Por causa desse encostamento nada cinematográfico da Pessipê, milhares de pessoas sairam à rua para manifestar a indignação. Muitas pessoas a dizer a mesma coisa: “não nos encostem à parede” e a estragar a música d’As Gingas. O Tontura e uns dezenas de acólitos também saíram do outro lado. O Luís Mortenegra, ao ver isso, excitou-se a pensar já nos votos e disse: “Estão a ver, pá, é tudo extremistas, pá. De um lado estão extremistas da direita, a querer violentar e deportar toda a gente, e do outro lado estão extremistas a pedirem pacificamente para não serem violentados… que extremismo, pá. Já não podem ser violentados em paz que agora levantam-se logo e põem-se a marchar atrapalhando o trânsito, pa. É pá, já não se fazem vítimas como antigamente, pá, que sofriam calados, pá. Por isso, nós, nós é que somos o centro, pá, somos os pilatos, pá, os razoáveis, pá, porque tanto criticamos a estética dos violentadores, como o barulho dos violentados, pá.” Já imagino slogans da próxima campanha: “para abusos mais estéticos e menos ruidosos, vota o Pessidê!”, “entre racistas e vítimas não se mete a… crítica” (tem de rimar). É só um a tentar tomar o lugar do André Tontura, estão todos a sair do armário.

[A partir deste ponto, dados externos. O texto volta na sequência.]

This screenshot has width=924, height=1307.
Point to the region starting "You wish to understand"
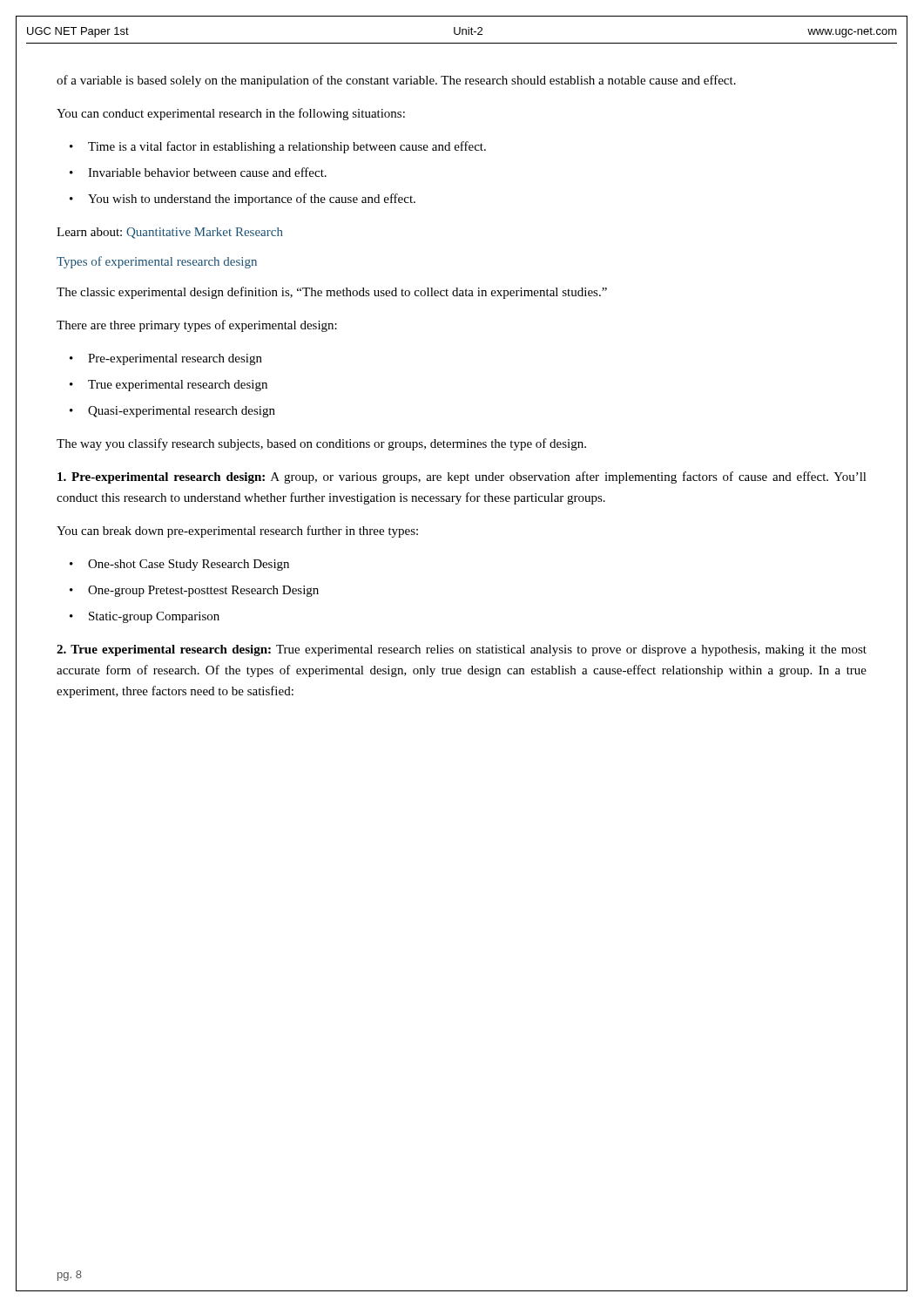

Contudo, tenho de dizer que fico sempre surpreendido com os bons tugas que, apesar das cagadas dos seus chefes da Tugalândia, ainda fazem a coisa certa. Foi muito fish ver na rua toda essa gente unida: muitos tugas brancos, tugas pretos, pretos aficionados a tugas, pretos pretos, sul-asiáticos, norte-asiáticos, médio-orientais, orientais, americanos, norte-americanos, sul-americanos, africanos, europeus… desisto.
Parece que mesmo na unidade ainda dá para dividir.